» Brief
For each entry that follows, write out an identical copy.

» Study material
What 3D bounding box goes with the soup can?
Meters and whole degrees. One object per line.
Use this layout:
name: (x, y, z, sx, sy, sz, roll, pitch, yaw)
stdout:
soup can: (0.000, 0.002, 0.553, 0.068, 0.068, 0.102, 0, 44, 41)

» Answer for the task
What 3D bounding box goes with the soup can?
Meters and whole degrees. One object per line.
Use this layout:
name: (x, y, z, sx, sy, sz, roll, pitch, yaw)
stdout:
soup can: (0.000, 0.002, 0.553, 0.068, 0.068, 0.102, 0, 44, 41)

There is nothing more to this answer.